The Recording Industry Association of America really ought to
hold the moral high ground in its fight to stop illegal downloading
of music. Record labels invest unquantifiable amounts of time,
care, and money in finding, recording, distributing, and promoting
new music. And then file-sharers take whatever songs they want
without paying. But when the RIAA files a lawsuit, it faces an
outcry of public “Aw, it’s just a kid who likes your music”
sentiment.
People come up with all kinds of inventive hogwash to insist
that downloading hasn’t hurt record labels’ bottom lines, even
though the industry’s fall began at precisely the time downloading took
off. It’s common sense that people won’t buy what they can get for
free. Improbably, critics insist that the steep sales drop is due
to a decline in music quality.
Of course, they never explain why people are downloading the
music if it’s so bad. And if music quality has declined somewhat,
it’s completely reasonable to suspect that’s an effect, not a
cause, of the sales drop. Most bands fail, so when record labels
have cash flow problems, they have to stick with familiar, generic
sounds they know people will buy.
Unfortunately, the RIAA seems hell-bent on vindicating the anger
that so many have for it. First it supported forcing colleges to police students’ Internet
activities. And now it’s claiming that ripping legally purchased CDs —
putting the songs on a computer, even if just for one’s own use —
is illegal.
The case revolves around Arizona’s Jeffrey Howell. The lawsuit
itself wouldn’t be particularly unusual — the RIAA is suing Howell
for allegedly sharing music songs he hadn’t purchased — but
an RIAA brief argues that sharing isn’t the only problem.

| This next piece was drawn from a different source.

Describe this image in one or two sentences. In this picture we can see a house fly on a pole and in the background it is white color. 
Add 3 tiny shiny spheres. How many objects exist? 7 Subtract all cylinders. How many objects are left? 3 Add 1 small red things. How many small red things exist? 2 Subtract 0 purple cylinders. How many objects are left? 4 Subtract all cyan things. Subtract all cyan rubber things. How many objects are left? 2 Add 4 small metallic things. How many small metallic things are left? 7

According to this legal trial balloon, all of the MP3 files on
Howell’s computer, even the ones he made from CDs he’d purchased
legally, are “unauthorized copies.”
The RIAA apparently has no scruples about taking on the role of
most unpopular organization in the known universe, but
self-preservation should make the brass pull back here. This new
argument is, at best, a dubious legal strategy. And its effect on
sales is not likely to be good.
FAIR USE IS THE question here. When a media company grants a
customer access to a product, the consumer can use the material in
a number of ways. Most importantly, he can tape TV shows for his own viewing. No court has
ever explicitly ruled on CD ripping, but it’s not clear what the
difference is.
The VHS tape of 1984 and the hard drive of today both contain
legally accessed material, transferred to a different format for
personal use. It doesn’t matter whether that particular copy is
“authorized” by the author, so long as the customer isn’t giving it
to other people.
It’s also unclear what financial benefit the RIAA hopes to gain.
If successful, this new anti-ripping stance will cut down on the
number of people who put their music on their computers, but it
will do so, disproportionately, with people who weren’t sharing the
music to begin with. File-sharers are already breaking the law by
giving others’ music away for free, so it’s doubtful many will stop
when their behavior becomes illegal in another way.

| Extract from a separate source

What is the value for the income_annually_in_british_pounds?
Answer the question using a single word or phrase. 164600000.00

The RIAA has had some success with lawsuits — the recording
industry’s sales even rose slightly in 2004, the year the suits
began, after falling since 1999; though sales
have continued to tank since then — and it’s true this would lower
the burden of proof. RIAA lawyers would only have to prove ripping,
rather than sharing. But in the vast majority of cases, the RIAA’s
targets settle out of court anyway.
Who will most of the consumers who stop ripping music be? Many
customers like having high-quality sound for their home systems,
but also want small files to put on their MP3 players and iPods.
These people are best served by CDs — which contain
high-definition audio, but can be ripped to a computer file,
compressed to a fraction of the original size, and transferred to a
tiny device that holds hundreds of songs.
Maybe these customers will turn to legal downloads and suffer
the quality loss on their home systems (and the lack of supporting
materials like insert booklets). Maybe they’ll put their iPods
away, or even buy both CDs and legal files, paying twice for the
same material. Or maybe, fed up with the way they were treated when
they paid for material, they’ll go for illegal downloads.
Whatever happens, the RIAA will have put the screws to paying
customers.
By and large, I believe that the RIAA is right on matters of
piracy. But that won’t matter at all if its actions create in
customers nothing but contempt for the current law, which is the
one thing keeping the record labels in business.